* [ABOUT THIS EXERCISE]
The entries that follow need to be printed exactly as they are, minus any pictures.

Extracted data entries
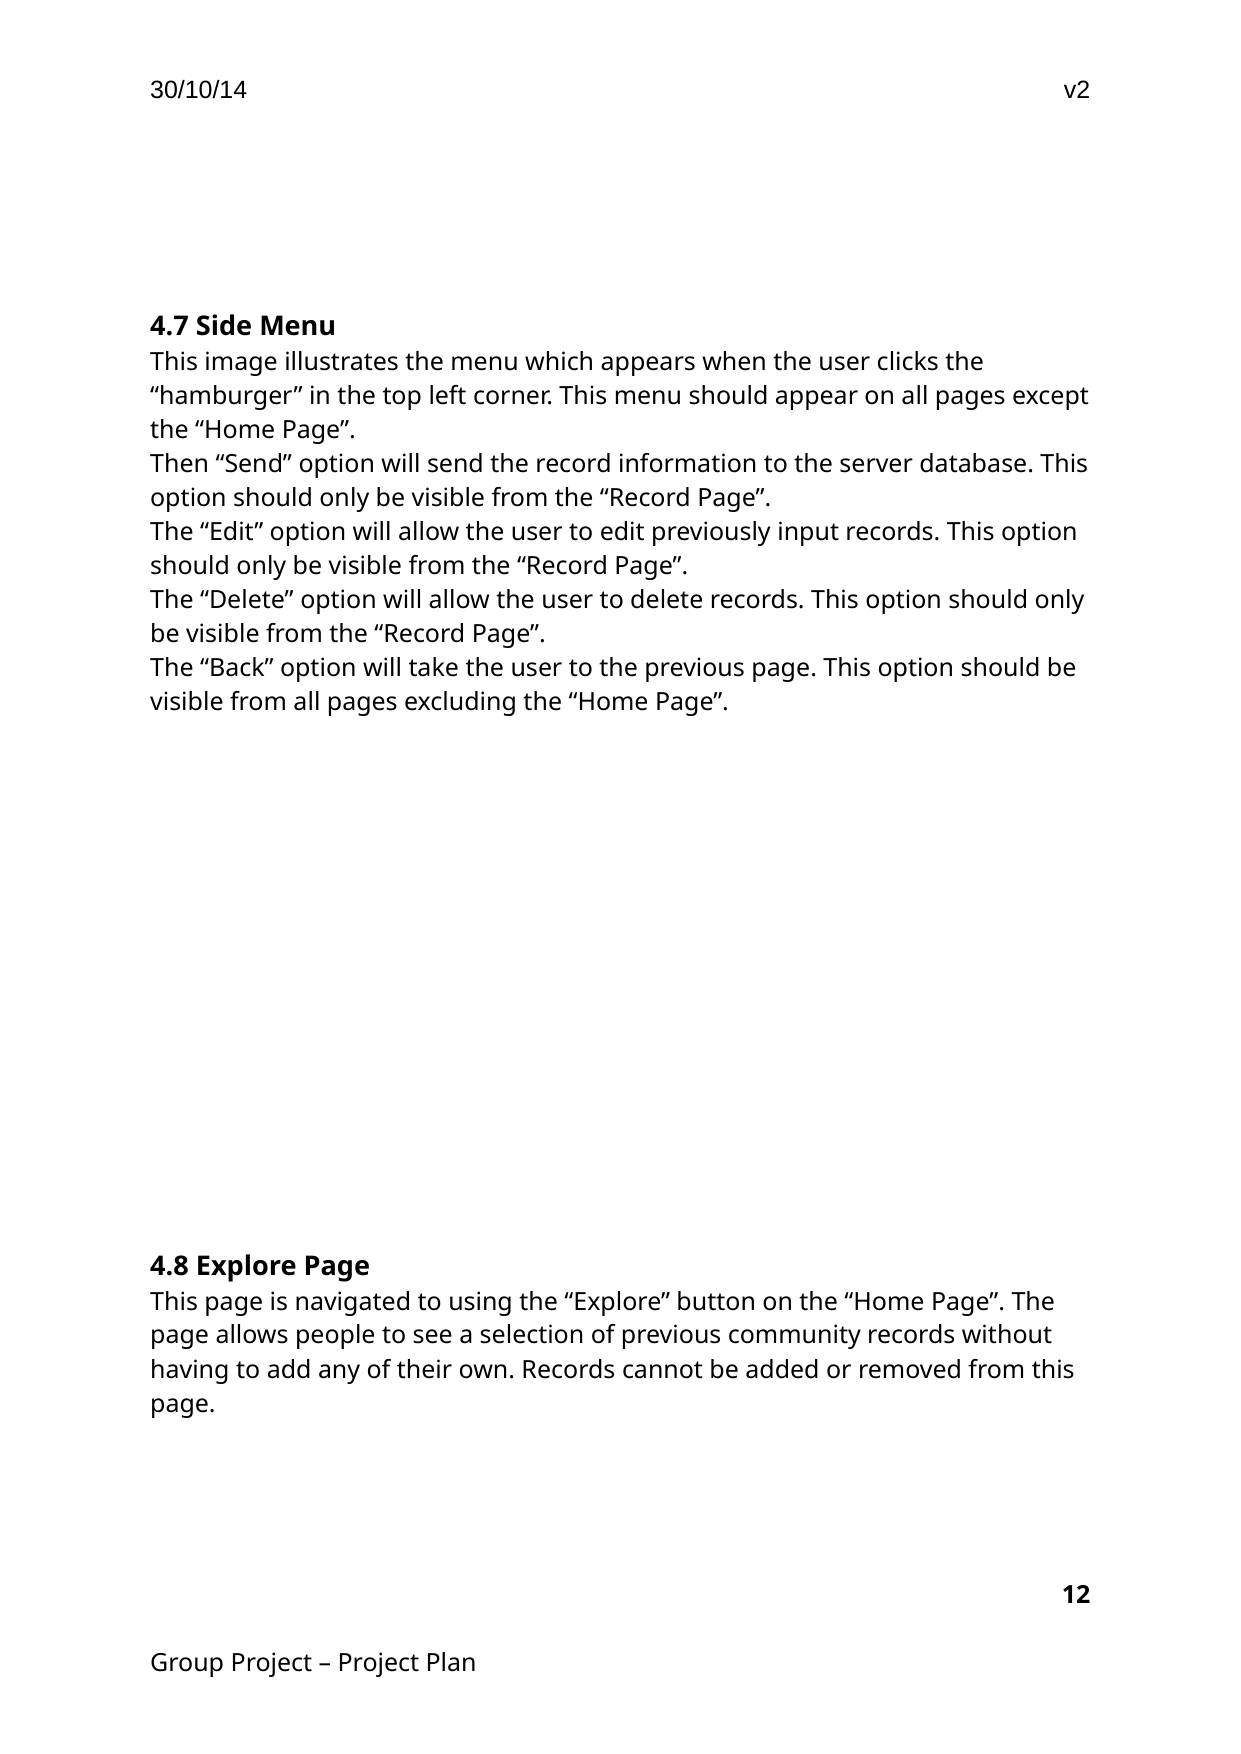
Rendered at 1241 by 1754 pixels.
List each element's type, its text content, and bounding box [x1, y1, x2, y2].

text The “Back” option will take the user to the previous page. This option should be visible from all pages excluding the “Home Page”. [150, 650, 1090, 718]
text This image illustrates the menu which appears when the user clicks the “hamburger” in the top left corner. This menu should appear on all pages except the “Home Page”. [150, 343, 1090, 445]
text This page is navigated to using the “Explore” button on the “Home Page”. The page allows people to see a selection of previous community records without having to add any of their own. Records cannot be added or removed from this page. [150, 1283, 1090, 1419]
text 4.7 Side Menu [150, 306, 1090, 343]
text Then “Send” option will send the record information to the server database. This option should only be visible from the “Record Page”. [150, 445, 1090, 513]
text 4.8 Explore Page [150, 1246, 1090, 1283]
text The “Delete” option will allow the user to delete records. This option should only be visible from the “Record Page”. [150, 582, 1090, 650]
text The “Edit” option will allow the user to edit previously input records. This option should only be visible from the “Record Page”. [150, 513, 1090, 582]

* [EXERCISE RESPONSE]
Rendered at 1241 by 1754 pixels.
List each element's type, its text content, and bounding box [x1, y1, x2, y2].

text The “Back” option will take the user to the previous page. This option should be visible from all pages excluding the “Home Page”. [150, 650, 1090, 718]
text This image illustrates the menu which appears when the user clicks the “hamburger” in the top left corner. This menu should appear on all pages except the “Home Page”. [150, 343, 1090, 445]
text This page is navigated to using the “Explore” button on the “Home Page”. The page allows people to see a selection of previous community records without having to add any of their own. Records cannot be added or removed from this page. [150, 1283, 1090, 1419]
text 4.7 Side Menu [150, 306, 1090, 343]
text Then “Send” option will send the record information to the server database. This option should only be visible from the “Record Page”. [150, 445, 1090, 513]
text 4.8 Explore Page [150, 1246, 1090, 1283]
text The “Delete” option will allow the user to delete records. This option should only be visible from the “Record Page”. [150, 582, 1090, 650]
text The “Edit” option will allow the user to edit previously input records. This option should only be visible from the “Record Page”. [150, 513, 1090, 582]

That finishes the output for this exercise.